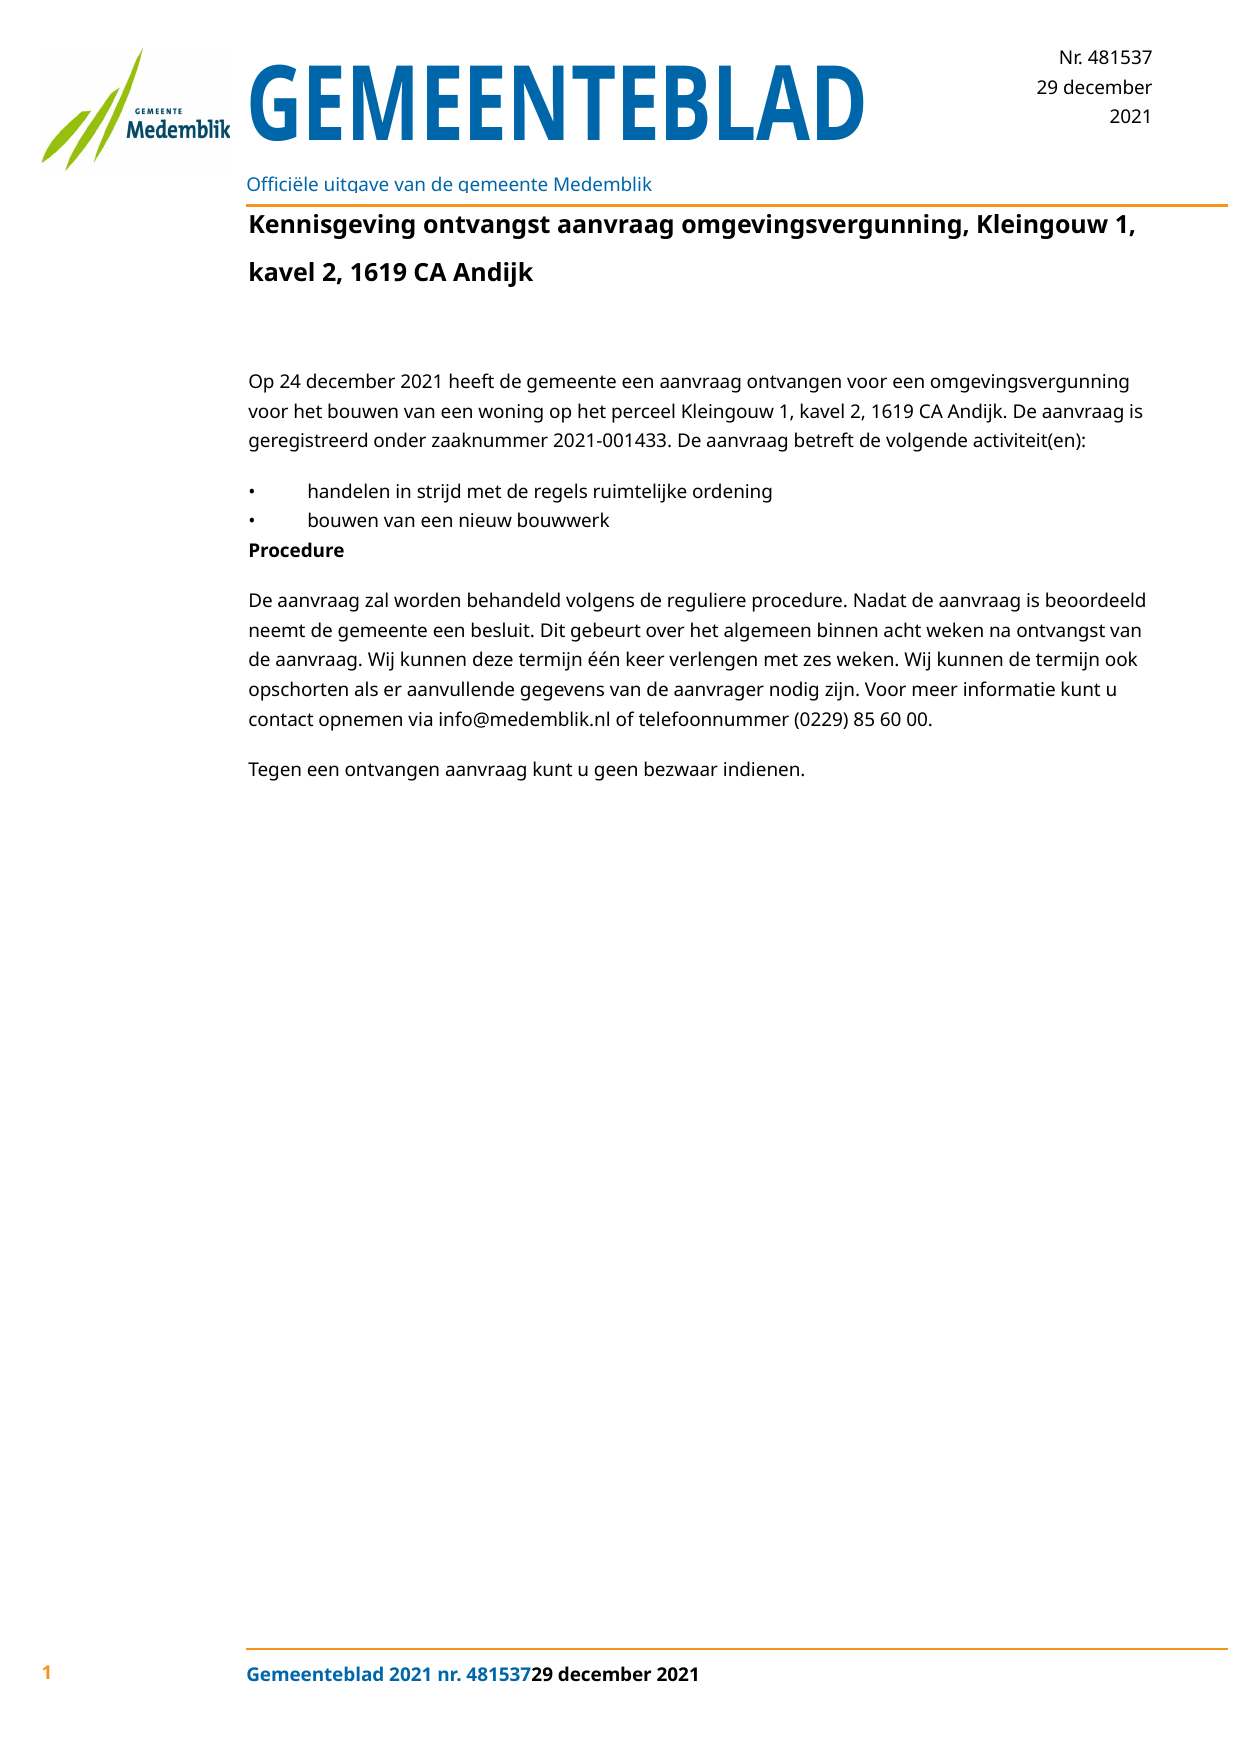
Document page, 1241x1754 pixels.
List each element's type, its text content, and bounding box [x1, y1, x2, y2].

text Tegen een ontvangen aanvraag kunt u geen bezwaar indienen. [248, 756, 1152, 782]
text De aanvraag zal worden behandeld volgens de reguliere procedure. Nadat de aanvraag is beoordeeld neemt de gemeente een besluit. Dit gebeurt over het algemeen binnen acht weken na ontvangst van de aanvraag. Wij kunnen deze termijn één keer verlengen met zes weken. Wij kunnen de termijn ook opschorten als er aanvullende gegevens van de aanvrager nodig zijn. Voor meer informatie kunt u contact opnemen via info@medemblik.nl of telefoonnummer (0229) 85 60 00. [248, 587, 1152, 732]
picture [41, 47, 231, 172]
list bouwen van een nieuw bouwwerk [248, 507, 1152, 533]
text Op 24 december 2021 heeft de gemeente een aanvraag ontvangen voor een omgevingsvergunning voor het bouwen van een woning op het perceel Kleingouw 1, kavel 2, 1619 CA Andijk. De aanvraag is geregistreerd onder zaaknummer 2021-001433. De aanvraag betreft de volgende activiteit(en): [248, 368, 1152, 453]
text Procedure [248, 537, 1152, 563]
list handelen in strijd met de regels ruimtelijke ordening [248, 478, 1152, 504]
text Kennisgeving ontvangst aanvraag omgevingsvergunning, Kleingouw 1, kavel 2, 1619 CA Andijk [248, 207, 1152, 288]
━━━━
◆ **Task objective**
In the answer, give only the lines from the top of the data above through the line with "text Tegen een", reproduced exactly; no picture may appear.

◆ **Result of this exercise**
Document page, 1241x1754 pixels.
List each element's type, its text content, and bounding box [x1, y1, x2, y2].

text Tegen een ontvangen aanvraag kunt u geen bezwaar indienen. [248, 756, 1152, 782]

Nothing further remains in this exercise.